▸ Exercise objective:
The data below holds the lines to copy: everything from the line containing "- car <box>850,859,880,880</box>" to the line containing "- pedestrian <box>1236,842,1250,868</box>", both ends included, set down exactly.

▸ Exercise material:
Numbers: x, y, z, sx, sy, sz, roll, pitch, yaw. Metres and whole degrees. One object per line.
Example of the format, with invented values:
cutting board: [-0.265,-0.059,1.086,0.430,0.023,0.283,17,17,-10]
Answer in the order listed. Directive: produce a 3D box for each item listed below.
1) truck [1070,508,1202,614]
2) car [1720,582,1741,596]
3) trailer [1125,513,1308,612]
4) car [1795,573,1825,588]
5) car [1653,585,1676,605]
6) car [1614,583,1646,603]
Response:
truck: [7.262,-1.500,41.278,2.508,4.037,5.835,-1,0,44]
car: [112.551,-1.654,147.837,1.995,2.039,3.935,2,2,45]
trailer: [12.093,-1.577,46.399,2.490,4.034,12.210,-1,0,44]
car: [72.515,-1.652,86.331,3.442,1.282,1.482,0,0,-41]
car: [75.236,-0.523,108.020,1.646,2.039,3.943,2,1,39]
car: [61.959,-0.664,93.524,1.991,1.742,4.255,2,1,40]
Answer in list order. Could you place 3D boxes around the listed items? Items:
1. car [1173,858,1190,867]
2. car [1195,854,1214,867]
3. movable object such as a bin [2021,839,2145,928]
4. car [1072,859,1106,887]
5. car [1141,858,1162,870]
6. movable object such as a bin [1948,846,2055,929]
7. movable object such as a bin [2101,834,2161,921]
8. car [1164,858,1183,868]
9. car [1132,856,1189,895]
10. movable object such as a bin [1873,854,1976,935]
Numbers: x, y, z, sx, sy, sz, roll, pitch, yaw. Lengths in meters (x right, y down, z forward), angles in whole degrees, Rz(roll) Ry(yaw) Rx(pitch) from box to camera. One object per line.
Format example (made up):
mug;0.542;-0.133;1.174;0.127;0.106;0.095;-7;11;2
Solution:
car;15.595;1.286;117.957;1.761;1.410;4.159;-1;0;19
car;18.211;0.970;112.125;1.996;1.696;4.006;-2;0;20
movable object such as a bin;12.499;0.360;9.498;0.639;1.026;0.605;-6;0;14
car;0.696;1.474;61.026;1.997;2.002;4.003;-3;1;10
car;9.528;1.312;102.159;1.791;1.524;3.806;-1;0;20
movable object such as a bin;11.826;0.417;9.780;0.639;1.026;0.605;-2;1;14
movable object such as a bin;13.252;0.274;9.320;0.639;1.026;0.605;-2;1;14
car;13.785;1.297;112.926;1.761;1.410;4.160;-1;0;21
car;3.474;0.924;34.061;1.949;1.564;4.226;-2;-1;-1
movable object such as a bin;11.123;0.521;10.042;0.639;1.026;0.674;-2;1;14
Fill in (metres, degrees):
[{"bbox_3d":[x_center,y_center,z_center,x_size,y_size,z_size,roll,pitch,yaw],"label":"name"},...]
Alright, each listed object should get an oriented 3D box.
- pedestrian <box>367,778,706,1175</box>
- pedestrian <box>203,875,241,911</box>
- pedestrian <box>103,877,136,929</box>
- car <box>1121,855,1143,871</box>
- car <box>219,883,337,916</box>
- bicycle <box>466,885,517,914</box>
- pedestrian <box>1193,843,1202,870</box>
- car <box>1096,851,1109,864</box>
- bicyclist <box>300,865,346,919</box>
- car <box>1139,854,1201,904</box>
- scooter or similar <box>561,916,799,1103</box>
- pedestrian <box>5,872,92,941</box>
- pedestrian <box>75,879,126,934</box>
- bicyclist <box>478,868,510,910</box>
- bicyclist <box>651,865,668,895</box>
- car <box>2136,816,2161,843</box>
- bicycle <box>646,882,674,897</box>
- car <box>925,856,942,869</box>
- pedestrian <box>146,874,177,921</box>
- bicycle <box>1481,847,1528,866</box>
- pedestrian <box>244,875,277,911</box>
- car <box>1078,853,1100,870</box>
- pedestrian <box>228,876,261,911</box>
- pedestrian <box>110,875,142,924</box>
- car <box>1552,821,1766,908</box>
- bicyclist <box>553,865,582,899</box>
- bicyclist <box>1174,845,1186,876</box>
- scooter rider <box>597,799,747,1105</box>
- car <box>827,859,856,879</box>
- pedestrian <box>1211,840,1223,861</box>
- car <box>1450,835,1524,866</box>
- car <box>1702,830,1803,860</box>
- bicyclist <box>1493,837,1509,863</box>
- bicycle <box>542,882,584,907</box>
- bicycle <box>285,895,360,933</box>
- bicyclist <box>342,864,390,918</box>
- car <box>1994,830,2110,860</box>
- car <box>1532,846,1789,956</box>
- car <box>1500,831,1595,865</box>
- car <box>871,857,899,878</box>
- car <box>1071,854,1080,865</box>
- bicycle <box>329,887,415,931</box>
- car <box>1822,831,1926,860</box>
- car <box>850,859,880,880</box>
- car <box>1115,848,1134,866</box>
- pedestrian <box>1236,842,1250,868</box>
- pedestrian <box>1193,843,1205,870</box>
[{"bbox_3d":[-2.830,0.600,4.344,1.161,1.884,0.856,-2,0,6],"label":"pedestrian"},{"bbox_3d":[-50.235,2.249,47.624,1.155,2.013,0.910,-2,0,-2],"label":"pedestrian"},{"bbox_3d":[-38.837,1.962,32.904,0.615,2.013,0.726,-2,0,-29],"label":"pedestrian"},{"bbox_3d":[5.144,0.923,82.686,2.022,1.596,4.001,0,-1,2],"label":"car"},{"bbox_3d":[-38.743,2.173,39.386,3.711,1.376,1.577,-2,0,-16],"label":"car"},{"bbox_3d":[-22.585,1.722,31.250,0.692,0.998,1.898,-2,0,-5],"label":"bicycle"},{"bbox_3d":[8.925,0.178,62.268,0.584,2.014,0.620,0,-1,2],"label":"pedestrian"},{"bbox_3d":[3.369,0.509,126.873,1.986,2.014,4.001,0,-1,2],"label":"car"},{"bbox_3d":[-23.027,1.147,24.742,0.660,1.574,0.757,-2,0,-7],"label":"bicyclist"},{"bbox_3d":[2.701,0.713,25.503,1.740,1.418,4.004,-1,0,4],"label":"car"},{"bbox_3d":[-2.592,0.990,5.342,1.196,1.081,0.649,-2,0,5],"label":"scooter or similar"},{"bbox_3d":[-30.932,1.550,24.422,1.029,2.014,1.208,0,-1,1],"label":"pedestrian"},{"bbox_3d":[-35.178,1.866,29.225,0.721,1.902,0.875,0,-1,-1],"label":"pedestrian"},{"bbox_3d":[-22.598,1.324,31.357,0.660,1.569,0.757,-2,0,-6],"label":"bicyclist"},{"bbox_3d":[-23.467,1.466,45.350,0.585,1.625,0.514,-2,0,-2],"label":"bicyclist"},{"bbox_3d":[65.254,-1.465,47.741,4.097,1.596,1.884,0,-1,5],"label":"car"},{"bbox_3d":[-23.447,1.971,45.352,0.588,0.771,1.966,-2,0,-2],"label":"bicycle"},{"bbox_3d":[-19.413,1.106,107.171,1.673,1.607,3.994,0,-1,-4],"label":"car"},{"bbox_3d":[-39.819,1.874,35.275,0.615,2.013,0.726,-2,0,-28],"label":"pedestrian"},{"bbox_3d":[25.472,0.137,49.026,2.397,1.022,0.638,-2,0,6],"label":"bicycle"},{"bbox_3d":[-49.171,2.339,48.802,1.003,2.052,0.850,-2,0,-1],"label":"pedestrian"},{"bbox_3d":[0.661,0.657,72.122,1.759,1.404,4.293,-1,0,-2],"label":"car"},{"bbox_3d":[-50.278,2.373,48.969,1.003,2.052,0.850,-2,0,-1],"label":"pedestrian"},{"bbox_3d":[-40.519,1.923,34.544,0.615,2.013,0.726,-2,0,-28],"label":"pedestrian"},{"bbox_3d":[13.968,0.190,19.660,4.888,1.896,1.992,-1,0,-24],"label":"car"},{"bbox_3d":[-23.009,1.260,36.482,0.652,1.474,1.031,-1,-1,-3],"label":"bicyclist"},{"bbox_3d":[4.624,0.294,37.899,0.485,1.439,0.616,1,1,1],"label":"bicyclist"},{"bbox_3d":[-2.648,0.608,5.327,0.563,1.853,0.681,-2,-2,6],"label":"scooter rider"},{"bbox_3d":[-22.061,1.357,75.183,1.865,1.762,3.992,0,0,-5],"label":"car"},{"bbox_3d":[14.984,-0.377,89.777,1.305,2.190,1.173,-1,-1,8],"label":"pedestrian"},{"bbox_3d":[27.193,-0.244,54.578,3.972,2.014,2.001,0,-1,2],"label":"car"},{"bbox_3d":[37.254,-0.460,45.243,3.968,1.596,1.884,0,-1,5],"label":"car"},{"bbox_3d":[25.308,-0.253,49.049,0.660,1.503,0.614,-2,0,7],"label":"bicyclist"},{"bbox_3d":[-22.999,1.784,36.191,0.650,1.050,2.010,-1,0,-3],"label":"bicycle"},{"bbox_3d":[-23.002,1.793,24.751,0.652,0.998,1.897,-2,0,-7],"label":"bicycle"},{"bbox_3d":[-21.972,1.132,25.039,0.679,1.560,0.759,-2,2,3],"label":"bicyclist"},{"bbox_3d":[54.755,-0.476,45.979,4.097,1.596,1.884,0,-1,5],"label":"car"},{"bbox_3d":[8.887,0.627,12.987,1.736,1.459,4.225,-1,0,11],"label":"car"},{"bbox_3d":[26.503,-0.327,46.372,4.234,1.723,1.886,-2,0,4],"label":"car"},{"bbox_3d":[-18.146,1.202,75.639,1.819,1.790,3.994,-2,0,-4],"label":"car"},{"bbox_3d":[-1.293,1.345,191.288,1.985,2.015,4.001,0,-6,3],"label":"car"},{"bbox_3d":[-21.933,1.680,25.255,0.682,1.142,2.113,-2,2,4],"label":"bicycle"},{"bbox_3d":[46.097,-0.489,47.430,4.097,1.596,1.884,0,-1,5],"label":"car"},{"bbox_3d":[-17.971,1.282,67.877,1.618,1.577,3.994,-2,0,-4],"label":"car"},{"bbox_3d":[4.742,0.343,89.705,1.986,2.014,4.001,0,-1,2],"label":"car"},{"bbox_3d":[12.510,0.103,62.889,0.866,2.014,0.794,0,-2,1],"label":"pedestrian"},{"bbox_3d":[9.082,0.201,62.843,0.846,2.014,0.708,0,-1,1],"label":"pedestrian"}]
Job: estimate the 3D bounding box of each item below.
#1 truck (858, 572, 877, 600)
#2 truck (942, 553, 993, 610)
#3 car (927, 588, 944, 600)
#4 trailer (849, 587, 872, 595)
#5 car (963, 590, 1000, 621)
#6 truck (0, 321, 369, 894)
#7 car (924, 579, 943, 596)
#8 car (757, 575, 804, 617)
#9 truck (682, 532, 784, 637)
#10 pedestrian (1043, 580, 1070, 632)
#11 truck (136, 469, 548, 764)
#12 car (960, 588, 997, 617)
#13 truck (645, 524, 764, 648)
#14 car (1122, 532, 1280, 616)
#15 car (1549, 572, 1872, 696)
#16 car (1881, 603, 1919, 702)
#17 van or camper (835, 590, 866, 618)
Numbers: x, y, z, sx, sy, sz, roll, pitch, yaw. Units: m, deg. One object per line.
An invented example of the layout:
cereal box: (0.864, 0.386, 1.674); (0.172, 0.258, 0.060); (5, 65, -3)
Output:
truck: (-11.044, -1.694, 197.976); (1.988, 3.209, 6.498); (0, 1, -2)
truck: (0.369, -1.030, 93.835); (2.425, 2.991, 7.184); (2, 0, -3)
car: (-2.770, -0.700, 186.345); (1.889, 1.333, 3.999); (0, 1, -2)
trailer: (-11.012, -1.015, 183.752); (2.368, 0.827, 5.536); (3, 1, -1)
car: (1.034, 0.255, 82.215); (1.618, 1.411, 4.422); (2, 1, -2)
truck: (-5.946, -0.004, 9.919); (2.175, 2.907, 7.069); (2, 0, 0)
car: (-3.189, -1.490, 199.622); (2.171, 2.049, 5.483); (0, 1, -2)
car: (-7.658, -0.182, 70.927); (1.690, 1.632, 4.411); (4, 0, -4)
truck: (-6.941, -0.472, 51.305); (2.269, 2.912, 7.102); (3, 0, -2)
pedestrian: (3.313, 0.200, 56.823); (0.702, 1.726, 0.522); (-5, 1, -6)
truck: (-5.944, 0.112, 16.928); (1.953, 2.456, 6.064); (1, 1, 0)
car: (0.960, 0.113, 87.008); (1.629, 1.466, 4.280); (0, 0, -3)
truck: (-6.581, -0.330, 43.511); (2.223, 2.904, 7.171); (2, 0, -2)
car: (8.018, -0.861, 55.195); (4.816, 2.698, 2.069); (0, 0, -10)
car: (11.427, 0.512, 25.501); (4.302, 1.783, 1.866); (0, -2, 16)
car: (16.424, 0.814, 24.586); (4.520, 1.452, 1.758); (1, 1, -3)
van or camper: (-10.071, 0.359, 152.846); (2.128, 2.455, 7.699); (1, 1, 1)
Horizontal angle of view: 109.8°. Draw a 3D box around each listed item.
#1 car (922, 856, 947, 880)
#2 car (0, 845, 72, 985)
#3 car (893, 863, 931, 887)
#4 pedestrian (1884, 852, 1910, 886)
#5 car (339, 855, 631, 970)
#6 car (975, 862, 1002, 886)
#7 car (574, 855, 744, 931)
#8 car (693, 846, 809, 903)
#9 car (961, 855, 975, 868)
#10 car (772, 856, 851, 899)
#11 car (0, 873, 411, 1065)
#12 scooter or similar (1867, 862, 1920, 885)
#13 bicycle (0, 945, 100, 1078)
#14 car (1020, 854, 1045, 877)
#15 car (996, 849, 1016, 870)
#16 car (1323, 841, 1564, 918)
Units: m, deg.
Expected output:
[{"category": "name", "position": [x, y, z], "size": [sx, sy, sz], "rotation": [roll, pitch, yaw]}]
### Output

▸ Response to the exercise:
- car <box>850,859,880,880</box>
- car <box>1115,848,1134,866</box>
- pedestrian <box>1236,842,1250,868</box>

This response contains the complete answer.